Graphic courtesy caseyshead.com
This post and accompanying graphic have been excerpted, with permission, from caseyshead.com.
We’ve all been in one of those Super Bowl box pools. You know, the kind where you put a buck in the pot and are assigned a square on a 10×10 grid. Each square corresponds to a pair of numbers, one for the NFC team and one for the AFC team. The score at the end of each quarter determines which square wins a portion of the total pot. For instance, if the Seahawks lead the Broncos 17-14 at halftime, the person with 7 on the Seahawks axis and 4 on the Broncos axis wins the cash.
I’ve always wondered which squares were most likely to win. Logic tells you that a combination of 0s, 3s and 7s could be good, while 2s and 5s are not so good. So what squares are the best and which numbers should you hope to randomly draw? I looked at data for all NFL games played since the 2006-07 season to determine the answer to that question. The chart above consists of all 1,067 regular season and postseason games from 2006-07 through the 2013-14 playoffs. It represents the hit percentage for each pair (like-numbered squares are COMBINED in this table).

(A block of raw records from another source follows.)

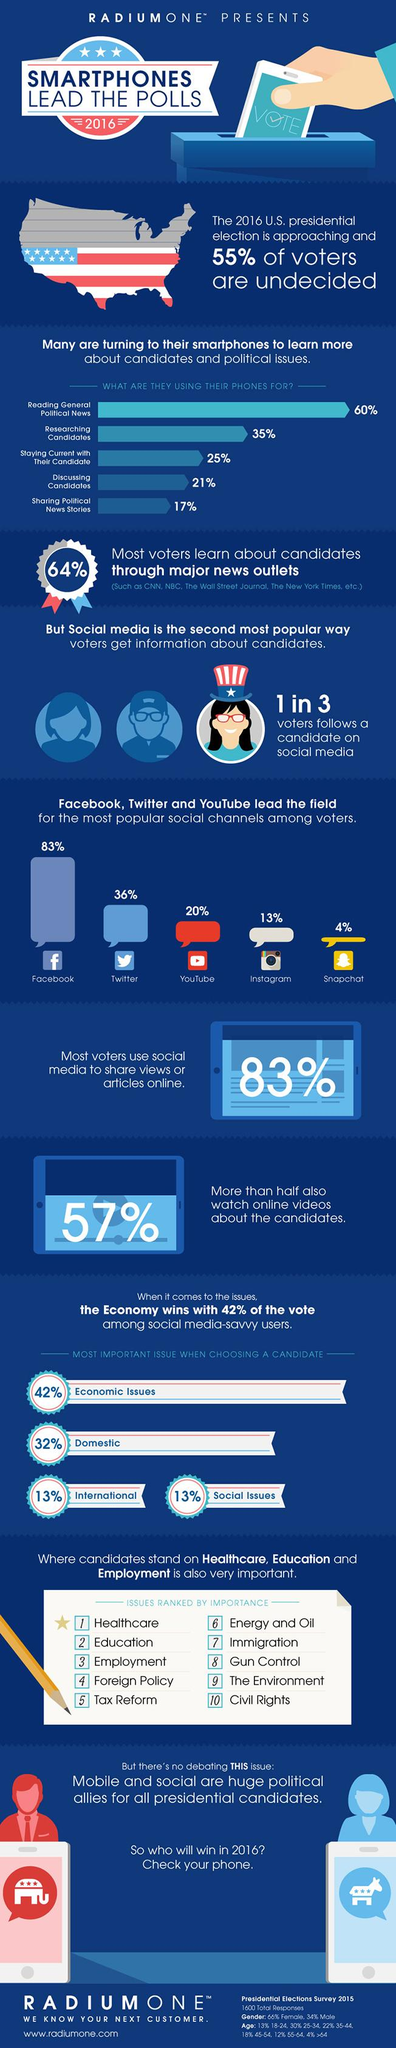Give some essential details in this illustration. Seventy-seven percent of people are using their smartphones for reading general political news and sharing political news stories, according to a recent survey. According to the survey, 56% of the respondents are using their smartphones for both researching candidates and discussing candidates, taken together. According to a survey, 36% of voters learn about candidates primarily through sources other than major news outlets. According to the given data, 17% of voters did not use social media to share their views or articles online. Of the three candidates, two did not follow each other on social media. 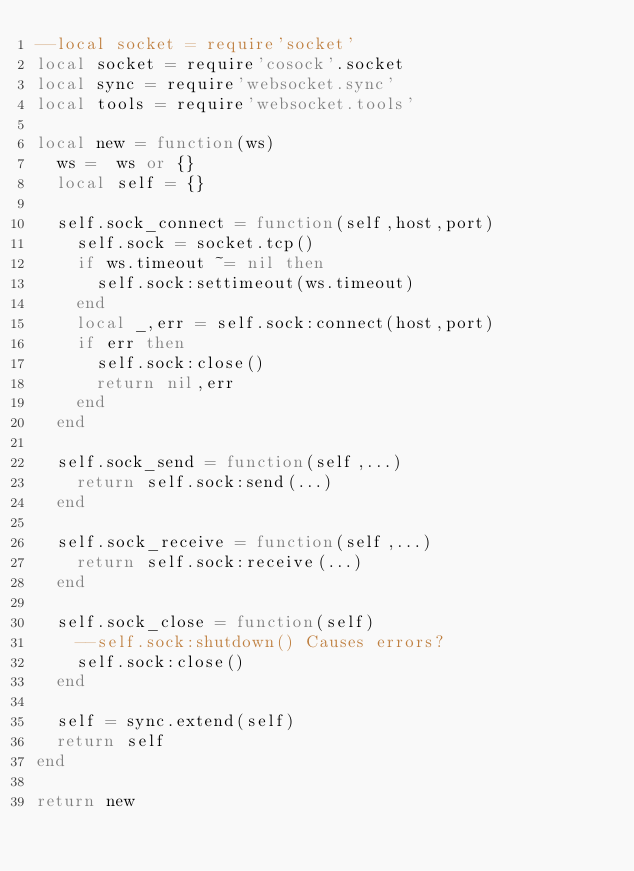Convert code to text. <code><loc_0><loc_0><loc_500><loc_500><_Lua_>--local socket = require'socket'
local socket = require'cosock'.socket
local sync = require'websocket.sync'
local tools = require'websocket.tools'

local new = function(ws)
  ws =  ws or {}
  local self = {}
  
  self.sock_connect = function(self,host,port)
    self.sock = socket.tcp()
    if ws.timeout ~= nil then
      self.sock:settimeout(ws.timeout)
    end
    local _,err = self.sock:connect(host,port)
    if err then
      self.sock:close()
      return nil,err
    end
  end
  
  self.sock_send = function(self,...)
    return self.sock:send(...)
  end
  
  self.sock_receive = function(self,...)
    return self.sock:receive(...)
  end
  
  self.sock_close = function(self)
    --self.sock:shutdown() Causes errors?
    self.sock:close()
  end
  
  self = sync.extend(self)
  return self
end

return new
</code> 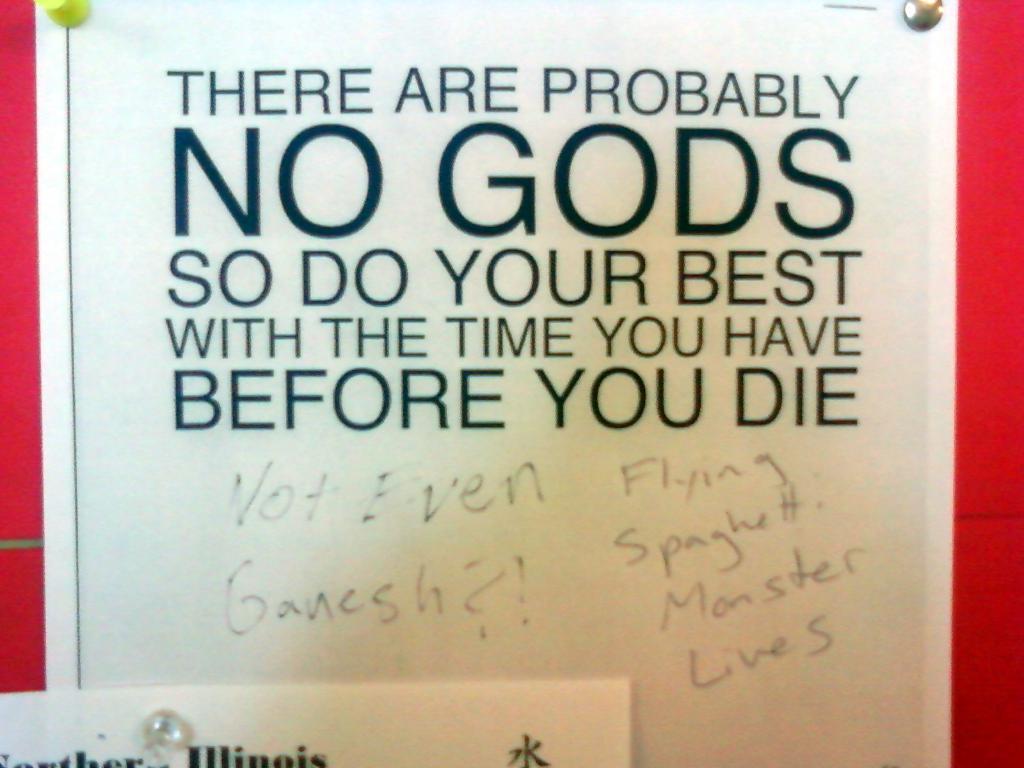Are there any gods?
Provide a succinct answer. No. What do you need to do before you die?
Provide a succinct answer. Do your best with the time you have. 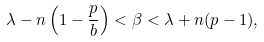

So what does this analysis tell us about this year’s big game? First of all, it tells me I wasted multiple hours proving to myself that 0, 3, 4 and 7 are good, and that if I get 2 or 5 I’m screwed. But based on the last four years of data, Super Bowl history and this year’s competing teams, I’ll go with quarter scores of DEN 7-3, DEN 10-6, DEN 17-13 and DEN 20-16.
But really, since I’ve NEVER been right, I’d be just as happy to see an early field goal and a couple of first quarter safeties, no further scoring, and four winning 5-2 quarters. Good luck!